---------- Supplied information ----------
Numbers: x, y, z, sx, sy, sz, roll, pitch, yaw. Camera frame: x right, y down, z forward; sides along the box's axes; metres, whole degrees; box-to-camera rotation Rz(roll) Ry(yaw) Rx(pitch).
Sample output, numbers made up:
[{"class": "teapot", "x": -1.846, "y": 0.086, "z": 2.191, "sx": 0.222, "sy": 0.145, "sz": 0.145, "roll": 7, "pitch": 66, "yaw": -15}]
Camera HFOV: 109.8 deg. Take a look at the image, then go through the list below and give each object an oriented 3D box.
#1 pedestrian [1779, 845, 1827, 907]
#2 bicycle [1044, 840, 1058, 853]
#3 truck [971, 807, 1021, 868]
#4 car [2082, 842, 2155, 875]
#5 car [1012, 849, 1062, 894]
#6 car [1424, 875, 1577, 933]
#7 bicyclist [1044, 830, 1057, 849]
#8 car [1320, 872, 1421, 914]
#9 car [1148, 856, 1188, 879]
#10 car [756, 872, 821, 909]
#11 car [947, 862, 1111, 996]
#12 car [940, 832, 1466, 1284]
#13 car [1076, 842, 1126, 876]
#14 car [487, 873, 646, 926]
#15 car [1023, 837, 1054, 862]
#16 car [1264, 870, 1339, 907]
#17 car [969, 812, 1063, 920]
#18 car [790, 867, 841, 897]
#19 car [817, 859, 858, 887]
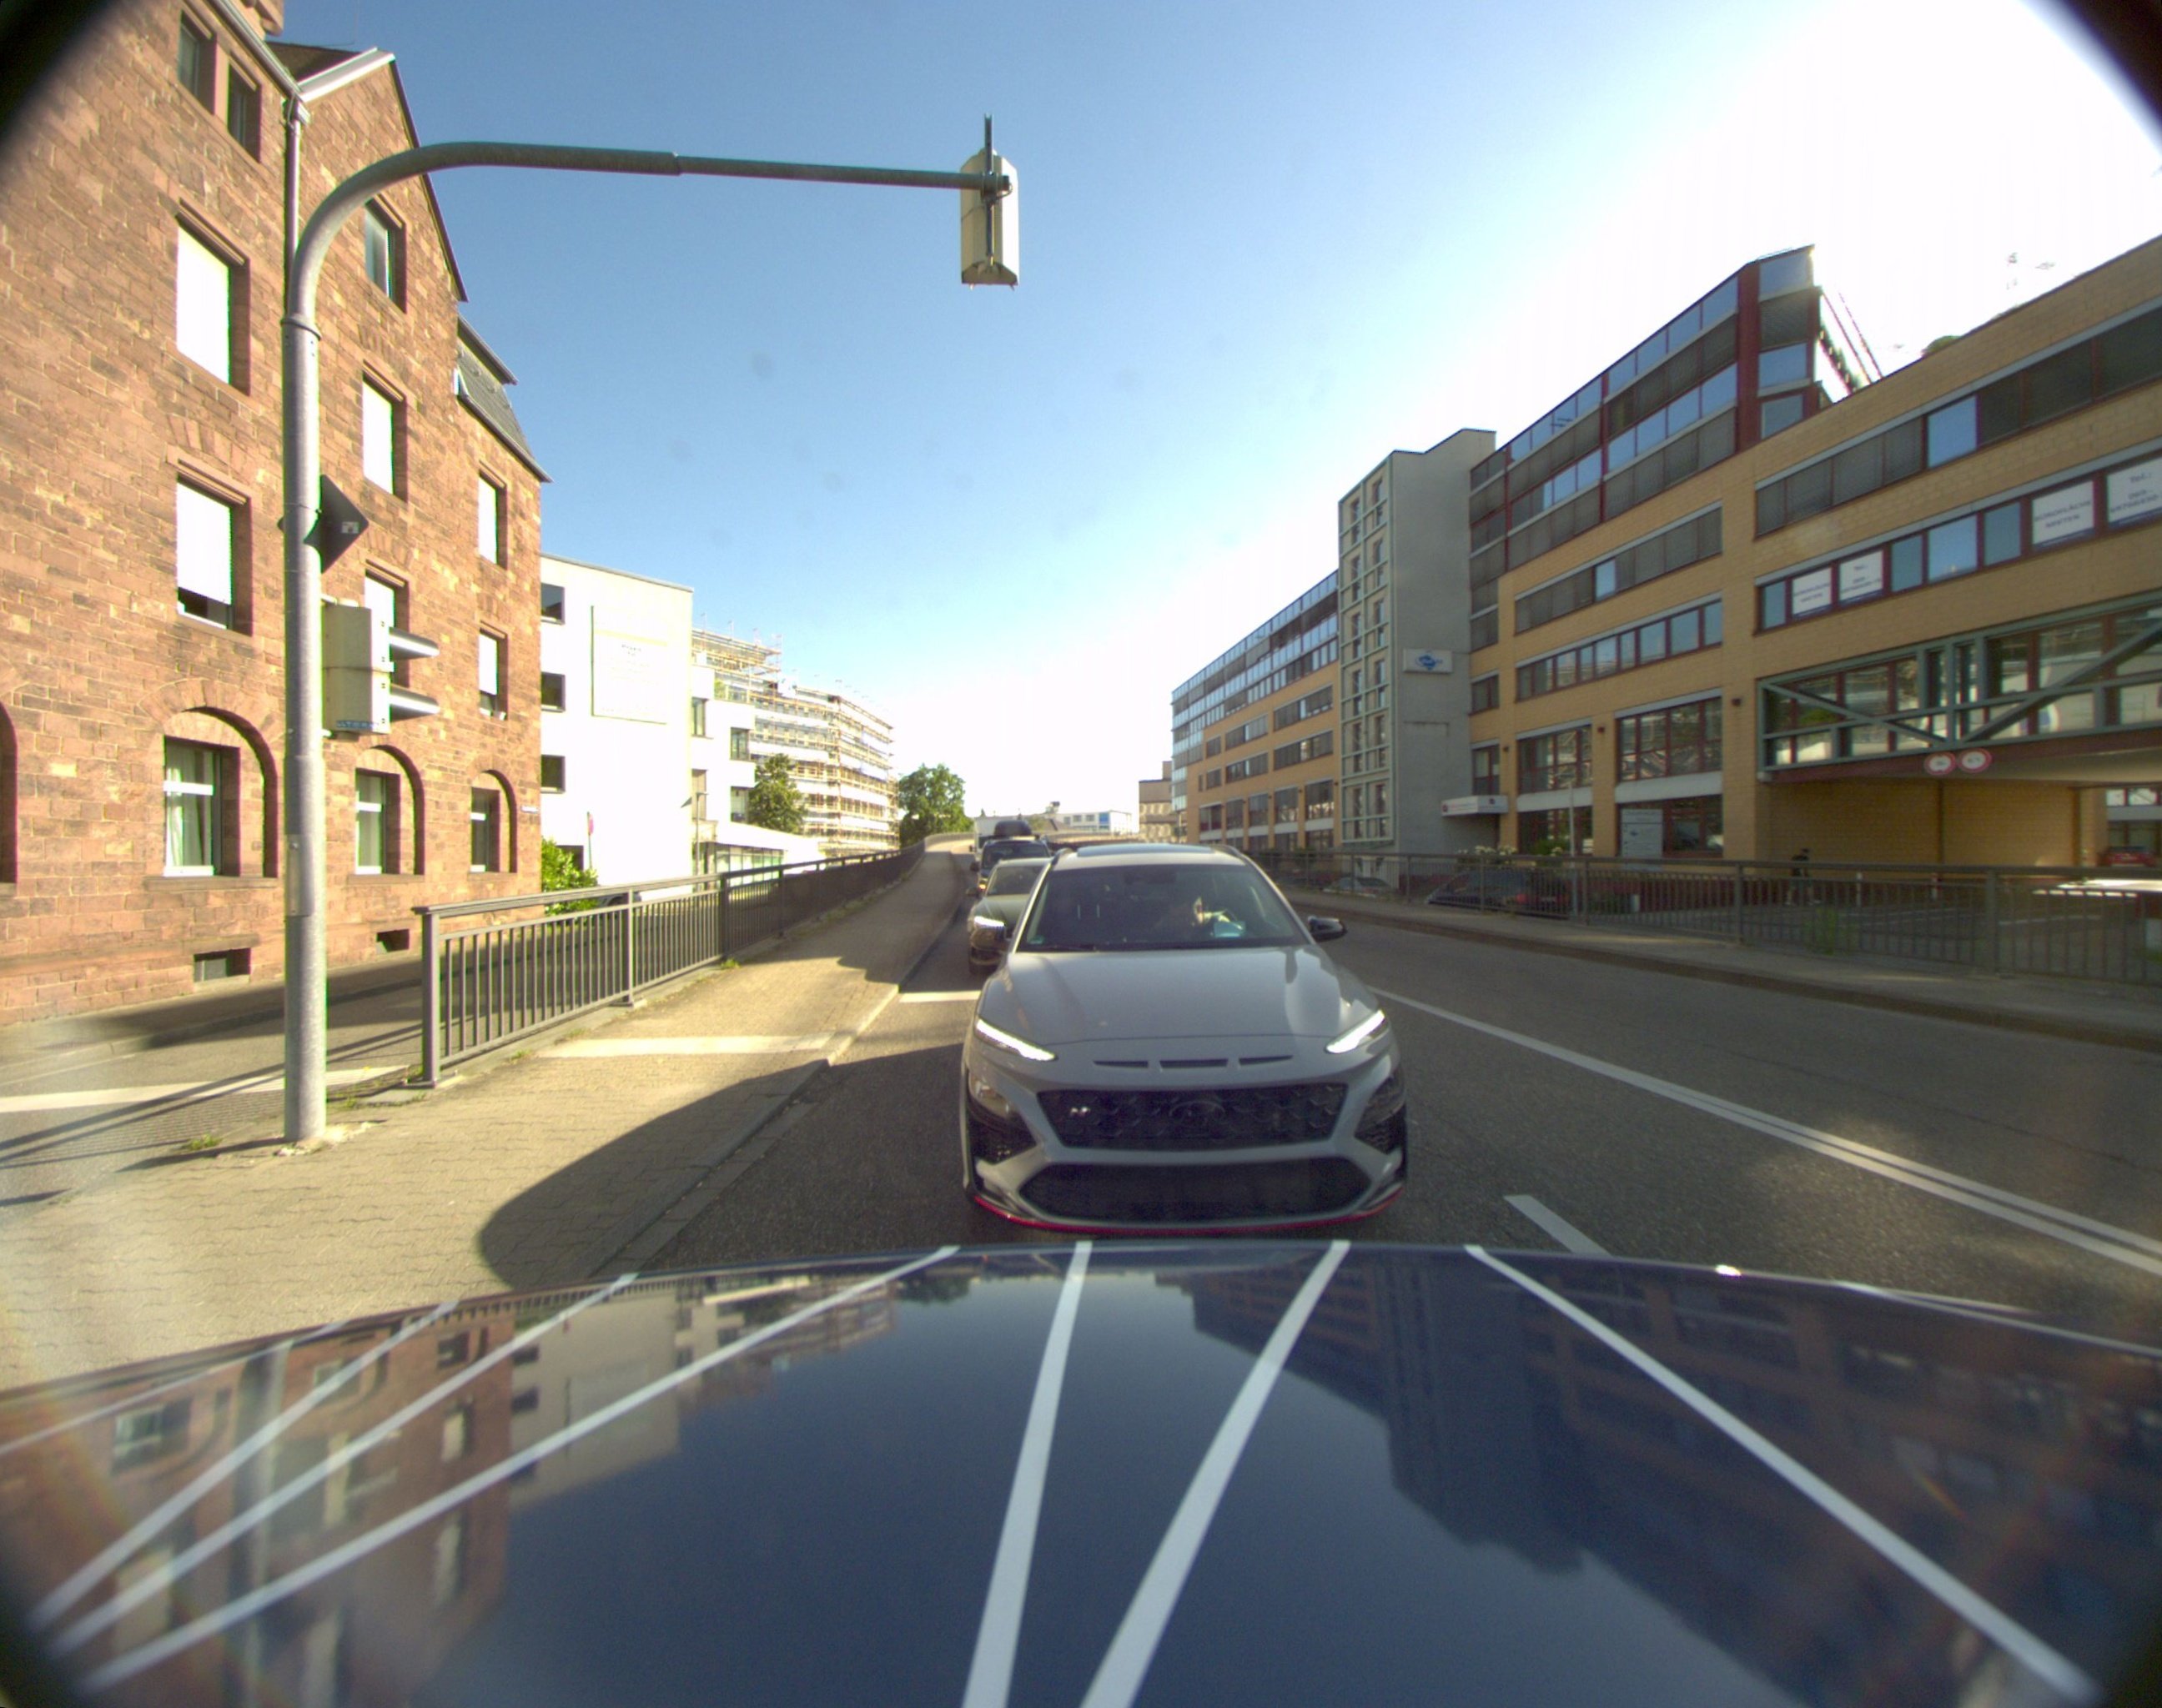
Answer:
----------
The task
Return each line of the data that contains the string "pitch".

Written response
Numbers: x, y, z, sx, sy, sz, roll, pitch, yaw. Camera frame: x right, y down, z forward; sides along the box's axes; metres, whole degrees; box-to-camera rotation Rz(roll) Ry(yaw) Rx(pitch).
[{"class": "teapot", "x": -1.846, "y": 0.086, "z": 2.191, "sx": 0.222, "sy": 0.145, "sz": 0.145, "roll": 7, "pitch": 66, "yaw": -15}]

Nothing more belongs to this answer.